I’ve worked with software for most of my career as a high-tech executive, and there are extensive quality and testing processes in place, designed precisely to avoid a situation like this.

The software and cybersecurity industries always test in a “sandbox” to ensure that updates work properly and don’t crash systems. Always.

And yet, we’re supposed to believe that this was just a stupid mistake?

I don’t think so.

A Dry Run?

There’s an alternative line of thinking…

Lina Khan, the Chair of the Federal Trade Commission (FTC), used the event as an opportunity to highlight corporate concentration risk, as well as what she believes is a lack of resiliency in cloud providers.

Source: X

She’s not wrong. Concentration risk is real, especially when we’re referring to Windows, Linux (which is open source), and Android OS for mobile phones.

And there certainly is a need for more resiliency. We explored that topic as it relates to the vulnerabilities and espionage of subsea cables last Wednesday in The Bleeding Edge – The World’s Defense Against Subsea Espionage.

But was there concentration risk in a cloud provider like CrowdStrike? The CrowdStrike update impacted about 8.5 million Windows-based computers around the world. While that might sound like a lot, it represents less than 1% of all Windows machines.
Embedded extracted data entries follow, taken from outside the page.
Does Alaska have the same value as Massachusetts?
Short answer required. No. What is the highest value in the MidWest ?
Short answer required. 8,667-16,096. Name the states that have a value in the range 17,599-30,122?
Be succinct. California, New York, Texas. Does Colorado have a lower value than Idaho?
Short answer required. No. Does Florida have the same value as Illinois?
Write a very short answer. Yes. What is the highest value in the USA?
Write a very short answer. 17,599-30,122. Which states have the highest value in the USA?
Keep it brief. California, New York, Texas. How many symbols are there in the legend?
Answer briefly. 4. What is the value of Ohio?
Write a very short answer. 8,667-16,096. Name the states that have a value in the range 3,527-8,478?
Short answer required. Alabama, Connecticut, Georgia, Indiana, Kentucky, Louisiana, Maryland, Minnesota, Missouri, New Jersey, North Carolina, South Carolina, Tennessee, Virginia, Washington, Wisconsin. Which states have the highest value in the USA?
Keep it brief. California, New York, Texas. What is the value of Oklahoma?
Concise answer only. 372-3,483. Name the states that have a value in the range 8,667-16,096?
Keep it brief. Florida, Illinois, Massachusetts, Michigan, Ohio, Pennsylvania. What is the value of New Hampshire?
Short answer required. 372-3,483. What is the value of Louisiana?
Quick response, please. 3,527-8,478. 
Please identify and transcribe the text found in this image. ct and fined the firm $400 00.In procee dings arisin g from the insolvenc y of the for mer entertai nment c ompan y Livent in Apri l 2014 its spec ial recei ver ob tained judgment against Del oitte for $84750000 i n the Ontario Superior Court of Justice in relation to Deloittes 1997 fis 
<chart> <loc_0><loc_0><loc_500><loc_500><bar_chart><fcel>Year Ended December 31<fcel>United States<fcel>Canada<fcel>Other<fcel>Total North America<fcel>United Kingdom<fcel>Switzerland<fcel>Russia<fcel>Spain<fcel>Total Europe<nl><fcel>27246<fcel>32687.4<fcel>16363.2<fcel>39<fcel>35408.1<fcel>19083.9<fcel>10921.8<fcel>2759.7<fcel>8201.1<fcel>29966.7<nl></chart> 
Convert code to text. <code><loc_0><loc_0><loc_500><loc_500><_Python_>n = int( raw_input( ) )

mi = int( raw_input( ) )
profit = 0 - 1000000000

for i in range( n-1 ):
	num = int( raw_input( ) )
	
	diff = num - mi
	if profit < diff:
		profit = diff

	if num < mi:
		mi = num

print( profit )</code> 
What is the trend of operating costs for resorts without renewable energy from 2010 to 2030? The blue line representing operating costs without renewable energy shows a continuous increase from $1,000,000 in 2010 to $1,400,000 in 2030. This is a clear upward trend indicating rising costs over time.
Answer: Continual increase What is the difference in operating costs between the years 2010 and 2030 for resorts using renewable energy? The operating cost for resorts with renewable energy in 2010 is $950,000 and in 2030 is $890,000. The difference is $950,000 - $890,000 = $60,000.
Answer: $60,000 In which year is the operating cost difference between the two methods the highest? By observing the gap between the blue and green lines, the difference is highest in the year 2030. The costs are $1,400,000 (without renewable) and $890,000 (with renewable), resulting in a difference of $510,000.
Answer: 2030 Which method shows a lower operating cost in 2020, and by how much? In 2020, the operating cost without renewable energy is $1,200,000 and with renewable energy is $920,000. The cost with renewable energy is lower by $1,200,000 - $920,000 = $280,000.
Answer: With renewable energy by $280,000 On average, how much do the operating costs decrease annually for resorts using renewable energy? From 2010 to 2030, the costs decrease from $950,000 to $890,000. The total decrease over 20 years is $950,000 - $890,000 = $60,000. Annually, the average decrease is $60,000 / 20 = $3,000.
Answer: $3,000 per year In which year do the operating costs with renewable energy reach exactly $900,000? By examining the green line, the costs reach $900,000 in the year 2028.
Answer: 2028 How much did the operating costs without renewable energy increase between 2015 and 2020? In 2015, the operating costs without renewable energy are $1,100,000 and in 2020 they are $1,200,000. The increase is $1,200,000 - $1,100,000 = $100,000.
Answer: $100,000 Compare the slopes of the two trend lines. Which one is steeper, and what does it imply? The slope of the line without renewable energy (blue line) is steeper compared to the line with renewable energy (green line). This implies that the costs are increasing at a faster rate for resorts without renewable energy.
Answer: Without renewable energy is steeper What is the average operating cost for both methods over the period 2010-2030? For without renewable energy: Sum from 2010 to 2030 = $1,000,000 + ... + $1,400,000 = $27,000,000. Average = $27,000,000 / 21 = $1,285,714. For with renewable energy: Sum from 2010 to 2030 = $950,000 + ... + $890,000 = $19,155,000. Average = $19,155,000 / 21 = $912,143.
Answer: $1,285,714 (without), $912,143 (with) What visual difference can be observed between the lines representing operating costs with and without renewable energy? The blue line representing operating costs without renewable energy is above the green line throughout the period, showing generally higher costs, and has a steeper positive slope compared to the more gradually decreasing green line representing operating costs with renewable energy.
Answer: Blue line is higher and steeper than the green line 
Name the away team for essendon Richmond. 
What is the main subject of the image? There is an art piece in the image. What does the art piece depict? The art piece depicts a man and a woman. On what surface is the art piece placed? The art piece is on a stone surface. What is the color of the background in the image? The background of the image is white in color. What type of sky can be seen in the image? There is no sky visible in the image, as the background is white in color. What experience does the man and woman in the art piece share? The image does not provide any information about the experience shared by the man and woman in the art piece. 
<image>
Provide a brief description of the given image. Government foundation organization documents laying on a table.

Also interesting is that it was regulators, specifically the European Union, that forced Microsoft years ago to allow cybersecurity players to have access to the Windows kernel so there could be fair competition in cybersecurity to protect Windows machines.

Even more interesting is that CrowdStrike caused a similar event on a small subset of Linux servers earlier this year in April. One would have thought that if this was a bug discovered on Linux machines, it would have been double-checked for Windows as well.

It raises the question again…

Was April just a dry run? And was the latest event designed to send a clear message from one party to another?